Problem statement
Using the string "this" as the key, pull each matching line out of the records below.

§ §

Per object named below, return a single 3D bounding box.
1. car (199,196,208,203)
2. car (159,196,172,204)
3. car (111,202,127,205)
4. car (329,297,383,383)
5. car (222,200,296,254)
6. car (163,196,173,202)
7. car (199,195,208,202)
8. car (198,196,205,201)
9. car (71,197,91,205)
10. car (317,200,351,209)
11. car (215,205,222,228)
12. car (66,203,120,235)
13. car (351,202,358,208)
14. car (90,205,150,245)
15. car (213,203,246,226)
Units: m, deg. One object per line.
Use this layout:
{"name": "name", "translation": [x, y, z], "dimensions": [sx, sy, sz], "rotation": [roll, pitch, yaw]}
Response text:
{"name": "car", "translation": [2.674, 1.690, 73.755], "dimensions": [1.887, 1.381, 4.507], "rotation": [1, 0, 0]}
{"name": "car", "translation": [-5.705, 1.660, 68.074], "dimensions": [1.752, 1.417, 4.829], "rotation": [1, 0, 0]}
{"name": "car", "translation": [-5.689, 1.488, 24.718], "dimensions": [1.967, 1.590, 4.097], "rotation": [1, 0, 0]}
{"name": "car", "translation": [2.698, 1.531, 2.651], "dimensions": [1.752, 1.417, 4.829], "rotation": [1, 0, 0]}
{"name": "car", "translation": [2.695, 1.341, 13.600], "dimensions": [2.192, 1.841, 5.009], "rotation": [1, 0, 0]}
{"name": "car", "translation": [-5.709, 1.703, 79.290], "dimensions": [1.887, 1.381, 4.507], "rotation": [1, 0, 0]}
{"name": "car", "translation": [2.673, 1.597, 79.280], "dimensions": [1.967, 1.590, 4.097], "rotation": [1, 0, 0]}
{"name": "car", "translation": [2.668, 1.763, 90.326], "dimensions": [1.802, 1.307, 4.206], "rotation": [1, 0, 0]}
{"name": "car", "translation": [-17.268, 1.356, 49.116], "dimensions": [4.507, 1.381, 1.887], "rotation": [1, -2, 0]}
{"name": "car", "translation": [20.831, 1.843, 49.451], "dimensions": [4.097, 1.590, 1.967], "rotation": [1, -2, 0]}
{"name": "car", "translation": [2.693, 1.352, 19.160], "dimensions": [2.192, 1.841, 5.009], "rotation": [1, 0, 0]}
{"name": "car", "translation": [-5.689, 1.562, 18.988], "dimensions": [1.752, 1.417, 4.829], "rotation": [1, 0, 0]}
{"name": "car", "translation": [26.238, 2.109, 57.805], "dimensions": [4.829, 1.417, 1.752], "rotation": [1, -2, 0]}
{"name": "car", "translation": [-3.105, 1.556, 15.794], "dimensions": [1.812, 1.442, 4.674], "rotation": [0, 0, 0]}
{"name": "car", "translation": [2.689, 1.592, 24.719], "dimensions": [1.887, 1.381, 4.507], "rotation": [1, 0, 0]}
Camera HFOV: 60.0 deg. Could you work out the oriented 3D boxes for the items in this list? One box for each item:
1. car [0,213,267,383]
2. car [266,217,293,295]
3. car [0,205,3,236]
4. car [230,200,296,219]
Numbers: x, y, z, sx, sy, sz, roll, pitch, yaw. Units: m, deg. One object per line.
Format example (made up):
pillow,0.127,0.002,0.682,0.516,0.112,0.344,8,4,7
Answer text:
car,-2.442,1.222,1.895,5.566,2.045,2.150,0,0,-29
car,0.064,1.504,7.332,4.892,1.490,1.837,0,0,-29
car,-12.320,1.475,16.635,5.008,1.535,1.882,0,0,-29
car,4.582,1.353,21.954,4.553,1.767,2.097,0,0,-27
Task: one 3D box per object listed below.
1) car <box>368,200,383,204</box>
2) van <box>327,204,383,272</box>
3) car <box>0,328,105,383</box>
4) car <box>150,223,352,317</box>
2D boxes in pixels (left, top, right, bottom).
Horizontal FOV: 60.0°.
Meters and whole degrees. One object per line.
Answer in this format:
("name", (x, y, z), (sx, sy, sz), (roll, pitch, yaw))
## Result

§ §

Your response
Use this layout:
Camera HFOV: 60.0 deg. Could you work out the oriented 3D boxes for the items in this list? One box for each item:
Answer in this format:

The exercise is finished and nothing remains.